Cidade grande
Por Elifas Andreato*
Um dos meus sonhos de criança era conhecer a cidade grande que via nas fotos das revistas trazidas por meus tios do comércio, junto com as compras do mês. Como não sabia ler, eram as fotografias que me assombravam de encantamento. Nelas havia um mundo extraordinariamente grande, com altos e belos edifícios, automóveis, praias, lindas mulheres quase despidas e muita gente no mesmo espaço.
À noite, eu deitava no assoalho para contemplar aquelas imagens, tingidas de sépia pela luz do lampião a querosene. Para mim, porém, elas eram coloridas. Gastava horas imaginando as cores dos automóveis, das roupas, dos edifícios, e adormecia sobre as fotografias de um mundo que parecia impossível conhecer um dia.
Sempre que os tios voltavam de viagem, eu ouvia atento, sem piscar, os relatos daquele universo distante. E de todos escondia meu segredo: um dia eu conheceria a cidade grande.

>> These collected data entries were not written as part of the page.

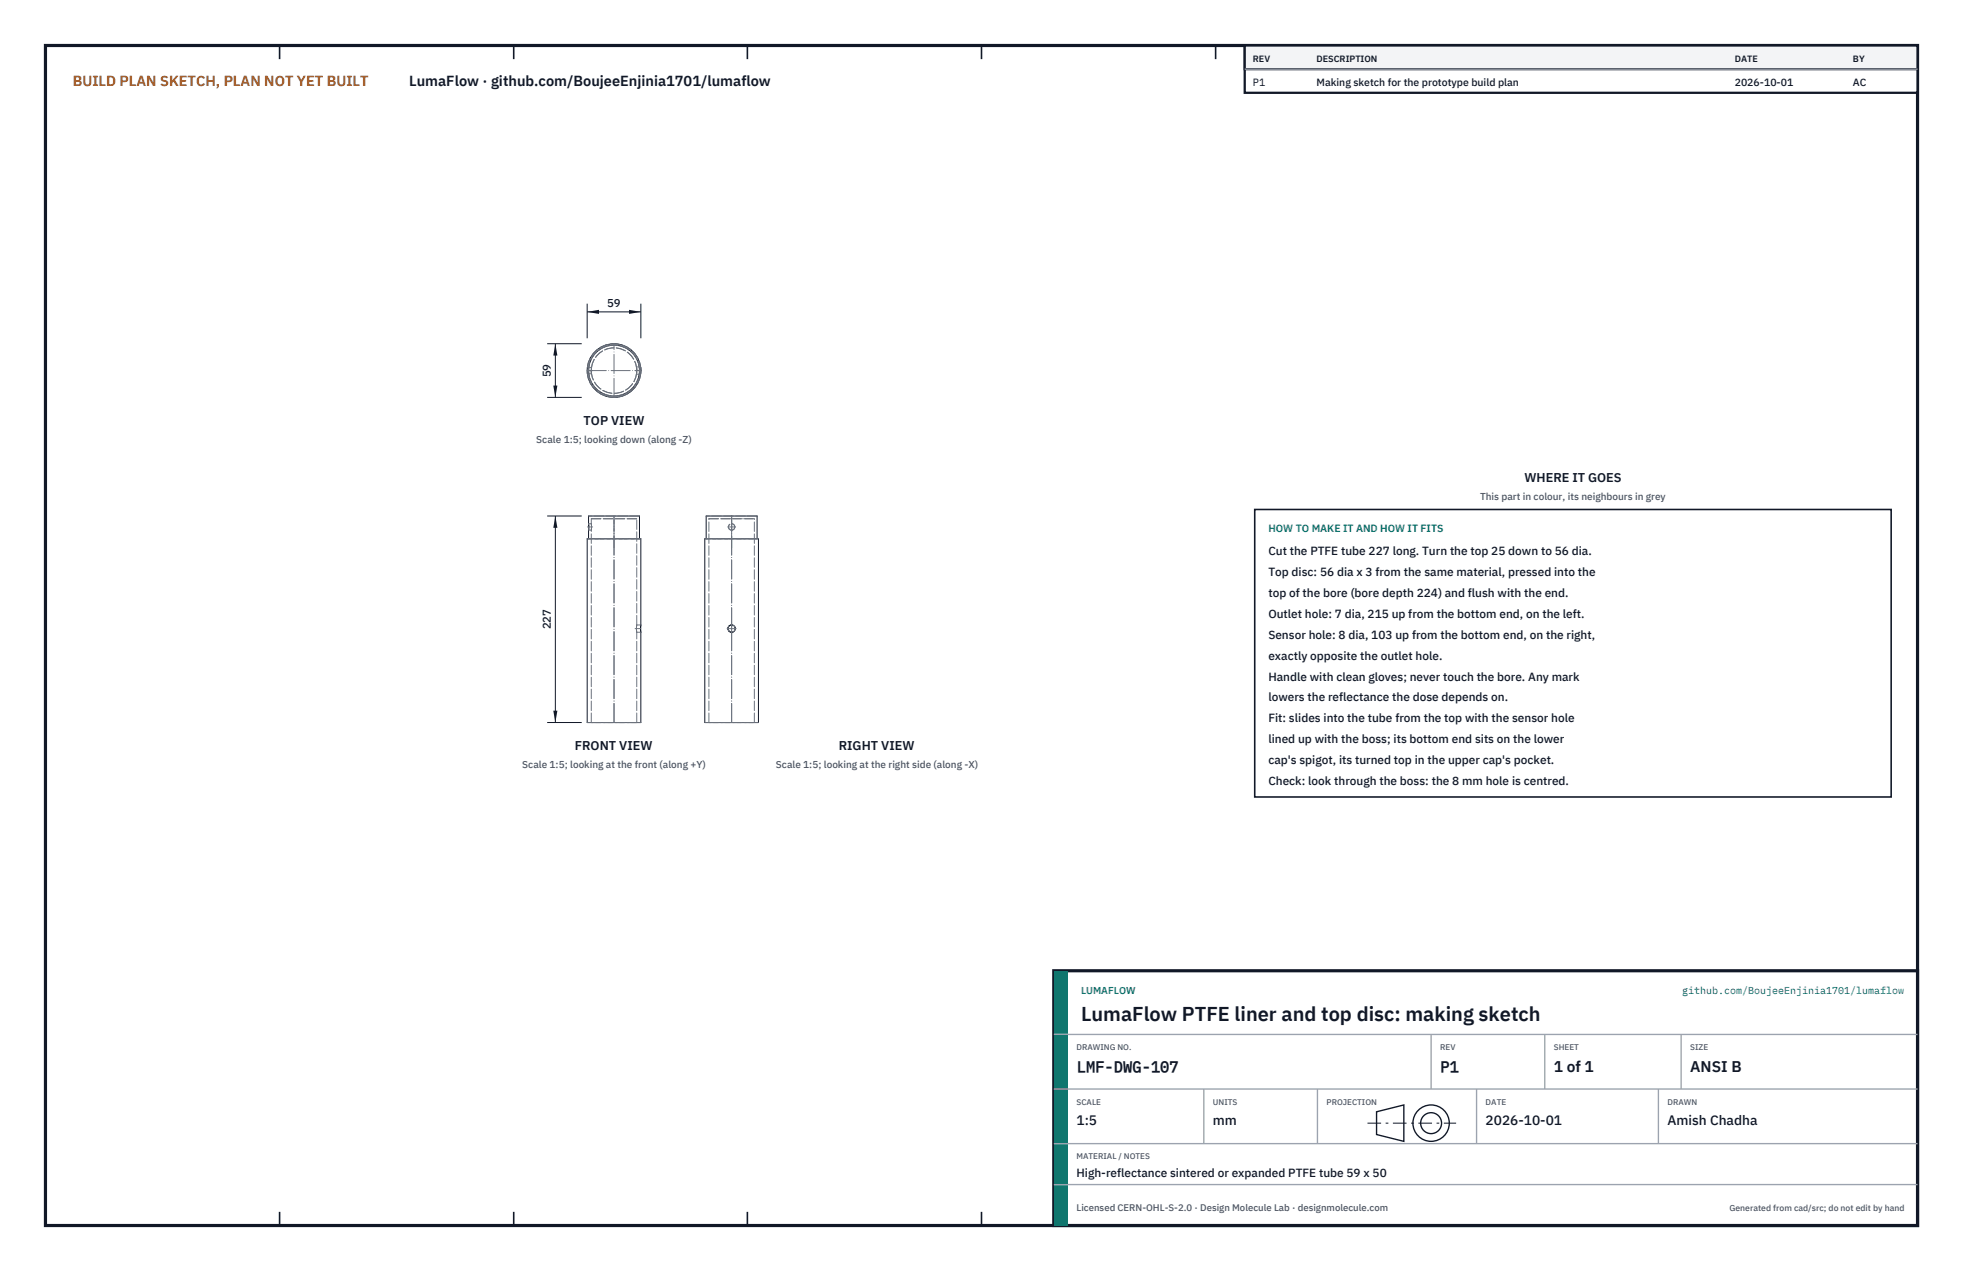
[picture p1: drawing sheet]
<svg xmlns="http://www.w3.org/2000/svg" width="432mm" height="279mm" viewBox="0 0 432 279" stroke-linecap="round" stroke-linejoin="round" font-family="sans-serif">
<defs><g id="words">
<text font-size="4.4" fill="#111827" x="237.8" y="224.4">LumaFlow PTFE liner and top disc: making sketch</text>
<g font-size="3.4" fill="#111827">
<text x="236.8" y="235.6">LMF-DWG-107</text>
<text x="316.8" y="235.6">P1</text>
<text x="341.8" y="235.6">1 of 1</text>
<text x="371.8" y="235.6">ANSI B</text>
</g>
<text font-size="3.2" fill="#b45309" x="16" y="19">BUILD PLAN SKETCH, PLAN NOT YET BUILT</text>
<text font-size="3.2" fill="#111827" x="90" y="19">LumaFlow · github.com/BoujeeEnjinia1701/lumaflow</text>
<g font-size="3" fill="#111827">
<text x="236.8" y="247.2">1:5</text>
<text x="266.8" y="247.2">mm</text>
<text x="326.8" y="247.2">2026-10-01</text>
<text x="366.8" y="247.2">Amish Chadha</text>
</g>
<g font-size="2.8" fill="#111827">
<text x="128.4" y="93.4">TOP VIEW</text>
<text x="335.3" y="106">WHERE IT GOES</text>
<text x="126.4" y="164.9">FRONT VIEW</text>
<text x="184.5" y="164.9">RIGHT VIEW</text>
</g>
<g font-size="2.6" fill="#111827">
<text x="279" y="122">Cut the PTFE tube 227 long. Turn the top 25 down to 56 dia.</text>
<text x="279" y="126.6">Top disc: 56 dia x 3 from the same material, pressed into the</text>
<text x="279" y="131.2">top of the bore (bore depth 224) and flush with the end.</text>
<text x="279" y="135.8">Outlet hole: 7 dia, 215 up from the bottom end, on the left.</text>
<text x="279" y="140.4">Sensor hole: 8 dia, 103 up from the bottom end, on the right,</text>
<text x="279" y="145">exactly opposite the outlet hole.</text>
<text x="279" y="149.6">Handle with clean gloves; never touch the bore. Any mark</text>
<text x="279" y="154.2">lowers the reflectance the dose depends on.</text>
<text x="279" y="158.8">Fit: slides into the tube from the top with the sensor hole</text>
<text x="279" y="163.4">lined up with the boss; its bottom end sits on the lower</text>
<text x="279" y="168">cap's spigot, its turned top in the upper cap's pocket.</text>
<text x="279" y="172.6">Check: look through the boss: the 8 mm hole is centred.</text>
<text x="236.8" y="258.8">High-reflectance sintered or expanded PTFE tube 59 x 50</text>
</g>
<g font-size="2.5" fill="#111827">
<text x="133.5" y="67.6">59</text>
<text x="121.2" y="83" transform="rotate(-90 121.2 83)">59</text>
<text x="121.2" y="138.4" transform="rotate(-90 121.2 138.4)">227</text>
</g>
<g font-size="2.3" fill="#111827">
<text x="275.6" y="18.8">P1</text>
<text x="289.6" y="18.8">Making sketch for the prototype build plan</text>
<text x="381.6" y="18.8">2026-10-01</text>
<text x="407.6" y="18.8">AC</text>
</g>
<text font-size="2.3" fill="#0f766e" x="279" y="117">HOW TO MAKE IT AND HOW IT FITS</text>
<g font-size="2.2" fill="#4b5563">
<text x="118" y="97.4">Scale 1:5; looking down (along -Z)</text>
<text x="325.6" y="110">This part in colour, its neighbours in grey</text>
<text x="114.9" y="168.9">Scale 1:5; looking at the front (along +Y)</text>
<text x="170.7" y="168.9">Scale 1:5; looking at the right side (along -X)</text>
</g>
<g font-size="2.2" fill="#0f766e">
<text x="237.8" y="218.4">LUMAFLOW</text>
<text x="370" y="218.4">github.com/BoujeeEnjinia1701/lumaflow</text>
</g>
<text font-size="2.1" fill="#4b5563" x="236.8" y="266.2">Licensed CERN-OHL-S-2.0 · Design Molecule Lab · designmolecule.com</text>
<g font-size="2" fill="#111827">
<text x="275.6" y="13.6">REV</text>
<text x="289.6" y="13.6">DESCRIPTION</text>
<text x="381.6" y="13.6">DATE</text>
<text x="407.6" y="13.6">BY</text>
</g>
<text font-size="1.9" fill="#4b5563" x="380.4" y="266.2">Generated from cad/src; do not edit by hand</text>
<g font-size="1.8" fill="#4b5563">
<text x="236.8" y="230.8">DRAWING NO.</text>
<text x="316.8" y="230.8">REV</text>
<text x="341.8" y="230.8">SHEET</text>
<text x="371.8" y="230.8">SIZE</text>
<text x="236.8" y="242.8">SCALE</text>
<text x="266.8" y="242.8">UNITS</text>
<text x="291.8" y="242.8">PROJECTION</text>
<text x="326.8" y="242.8">DATE</text>
<text x="366.8" y="242.8">DRAWN</text>
<text x="236.8" y="254.8">MATERIAL / NOTES</text>
</g>
</g></defs>
<path d="M10 10h411.8v259.4h-411.8z" fill="none" stroke="#111827" stroke-width=".7" stroke-linecap="butt"/>
<g fill="none" stroke="#111827" stroke-width=".35">
<path d="M61.5 10v3M113 10v3M164.4 10v3M215.9 10v3M267.4 10v3M318.9 10v3M370.3 10v3M61.5 266.4v3M113 266.4v3M164.4 266.4v3M215.9 266.4v3M267.4 266.4v3"/>
<path d="M318.9 266.4v3M370.3 266.4v3"/>
</g>
<g fill="none" stroke="#111727" stroke-width=".22">
<path d="M129.5 80.8v1.4M140.9 80.7l.1 .8M129.2 118.4h11.8v40.4h-11.8zM129.5 116.5v-3.1h11.2v5M129.5 116.5v1.9M129.5 116.4v.1M129.5 115.3v.6M129.5 116.3h.1M129.5 116v.2M155 118.4h11.8v40.4h-11.8zM155.3 118.4v-5h11.2v5M160.1 138.2l.1 .2"/>
<path d="M160.2 137.8l-.1 .4M160.3 137.7h.1M160.3 138.7h.1M160.4 138.7h.1M160.4 138.8l.5 .2M160.9 137.4a.8 .8 0 0 0-.8 .8 .8 .8 0 0 0 .8 .8M160.9 137.4a.8 .8 0 0 1 .8 .8 .8 .8 0 0 1-.8 .8M160.9 137.4l-.6 .3M160.9 137.4l.4 .1M161.4 138.9l-.5 .1M161.4 138.8h.1M161.5 138.7h.1"/>
<path d="M161.5 137.7h.1M161.6 137.7h.1M161.7 137.8v.4M161.7 138.2v.2"/>
<circle cx="135.1" cy="81.5" r="5.9"/>
<circle cx="135.1" cy="81.5" r="5.6"/>
</g>
<g fill="none" stroke="#6a7180" stroke-width=".22" stroke-dasharray="2.1 .5">
<path d="M129.5 81.5v-.7M129.5 82.2v-.7M129.5 82.2h.6M129.5 80.8h.6M130.1 81.5v-.7M130.1 80.8v1.4M130.1 82.2v-.7M140 82.3l.1-.8M140 80.7l.1 .8M140 82.3h.9M140 80.7h.9M140.1 81.5l-.1 .8"/>
<path d="M140.1 81.5l-.1-.8M140.9 82.3l.1-.8M140.9 80.7l.1 .7M141 81.5l-.1 .8M129.5 118.4h11.2M129.5 116.5h.6M129.5 115.1h.6M129.5 116.4v-.1M129.5 115.3v-.2M129.5 116.3h.1M129.5 116.3v-.1M129.5 116v-.1"/>
<path d="M130.1 114h10M130.1 116.5v-1.4M130.1 115.1v1.4M130.1 115.1v-1.1M140.1 114h-10M140.7 118.4h-11.2M140.7 113.4h-11.2M141 118.4h-11.8M155.3 118.4h5.6M155.9 114h5M160.9 118.4h5.6M160.9 114h5"/>
<path d="M160.9 116.5a.7 .7 0 0 0 .7-1 .7 .7 0 0 0-1.2-.1 .7 .7 0 0 0 .3 1.1h.2M165.9 114h-10M166.5 118.4h-11.2M166.5 113.4h-11.2M166.8 118.4h-11.8M140.1 139h.9M140.1 137.4v1.6M140.1 139v-1.6M140.1 137.4v-23.4M140.1 137.4h.9M160.1 138.2h.1M160.2 138.3v.1"/>
<path d="M160.2 138h.1M160.2 138.4l.1 .3M160.3 137.7l-.1 .1M160.3 138.7h.1M160.3 137.7h.1M160.4 138.7v.1M161.1 137.4h.1M161.4 138.9v-.1M161.4 138.8l.1-.1M161.5 138.7h.1M161.5 137.7l-.2-.2M161.6 138.7l.1-.3"/>
<path d="M161.6 137.7h.1M161.7 137.8l-.1-.1M161.7 138.4v-.1M161.7 138h.1M161.7 138.2h.1M130.1 158.8h10M130.1 158.8v-42.3M140.1 158.8h-10M140.1 158.8v-19.8M141 158.8h-11.8M155.9 158.8h5M155.9 158.8v-44.8"/>
<path d="M160.9 158.8h5M165.9 158.8h-10M165.9 158.8v-44.8M166.8 158.8h-11.8"/>
<circle cx="135.1" cy="81.5" r="5.9"/>
<circle cx="135.1" cy="81.5" r="5"/>
<circle cx="135.1" cy="81.5" r="5.6"/>
</g>
<g fill="none" stroke="#6a7180" stroke-width=".22" stroke-dasharray="4.2 .5 0 .5">
<path d="M129.2 81.5h11.8M129.2 81.5h1.2M135.1 87.4v-11.8M139.7 81.5h1.3M129.2 115.8h1.2M160.1 115.8h1.7M160.9 116.7v-1.7M135.1 120.4v-7M139.7 138.2h1.3M159.9 138.2h2M160.9 139.2v-2M160.9 120.4v-7"/>
<path d="M135.1 158.8v-44.6M135.1 158.8v-45.4M160.9 158.8v-44.6M160.9 158.8v-45.4"/>
</g>
<path d="M129.2 66.8v7.6M129.2 68.6h11.8M141 66.8v7.6" fill="none" stroke="#111827" stroke-width=".22"/>
<path d="M129.2 68.6l2.6-.5v.9zM138.4 68.1v.9l2.6-.4z" fill="#111827"/>
<path d="M120.4 75.6h7.6M122.2 75.6v11.8M120.4 87.4h7.6" fill="none" stroke="#111827" stroke-width=".22"/>
<path d="M122.2 75.6l-.5 2.6h.9zM121.7 84.8h.9l-.4 2.6z" fill="#111827"/>
<path d="M120.4 113.4h7.6M122.2 113.4v45.4M120.4 158.8h7.6" fill="none" stroke="#111827" stroke-width=".22"/>
<path d="M122.2 113.4l-.5 2.6h.9zM121.7 156.2h.9l-.4 2.6z" fill="#111827"/>
<path d="M276 112h140v63.2h-140z" fill="#fff" stroke="#111827" stroke-width=".35"/>
<path d="M273.8 10h148v10.4h-148z" fill="#fff" stroke="#111827" stroke-width=".5"/>
<path d="M273.8 10h148v5.2h-148z" fill="#f3f4f6" stroke="#111827" stroke-width=".5"/>
<path d="M273.8 15.2h148" fill="none" stroke="#9ca3af" stroke-width=".3"/>
<path d="M231.8 213.4h190v56h-190z" fill="#fff" stroke="#111827" stroke-width=".7" stroke-linecap="butt"/>
<path d="M231.8 213.4h3v56h-3z" fill="#0f766e"/>
<path d="M231.8 227.4h190M231.8 239.4h190M264.8 239.4v12M289.8 239.4v12M314.8 227.4v12M324.8 239.4v12M339.8 227.4v12M364.8 239.4v12M369.8 227.4v12M231.8 251.4h190M231.8 260.4h190" fill="none" stroke="#9ca3af" stroke-width=".3"/>
<g fill="none" stroke="#111827" stroke-width=".3">
<path d="M302.8 244.4l6-1.5v8l-6-1.5z"/>
<circle cx="314.8" cy="246.9" r="4"/>
<circle cx="314.8" cy="246.9" r="2.3"/>
</g>
<path d="M300.8 246.9h19.5" fill="none" stroke="#111827" stroke-width=".22" stroke-dasharray="3 1 .6 1" stroke-linecap="butt"/>
<use href="#words"/>
</svg>

Quis o destino que meu pai adoecesse e se mudasse para São Paulo. Os quatro filhos mais novos o acompanharam. Eu e Eurípides chegamos um ano depois. Pensava na doença do pai, mas era mais forte a ansiedade por conhecer finalmente a grande cidade. Na chegada, ela já dava os primeiros sinais de existência. Pela janela do trem, eu via na paisagem algumas casas correndo na direção contrária, mas ainda não era a grande cidade.
Não lembro em que estação o trem parou. Lembro-me apenas que quando a porta abriu, fiquei paralisado ao lado de meu irmão, que tremia de medo. Tudo era tão grande, tão assustador, tão diferente das fotografias que me fascinavam. Naquele momento, intuí que as imagens dos meus sonhos eram de outra cidade.
Resgatado da paralisia por um amigo de meu pai, eu só conseguia caminhar olhando para o chão. Meus olhos não estavam prontos para ver o céu, como fazia no interior, sonhando outro futuro.
Assim, vestindo calça curta, suspensório cruzado e calçando uma velha alpargata de lona com sola de cordas, cheguei a São Paulo em outubro de 1958. Desde que encarei pela primeira vez a grande cidade, mesmo sabendo que sonhos podem ser também pesadelos, nunca mais parei de sonhar.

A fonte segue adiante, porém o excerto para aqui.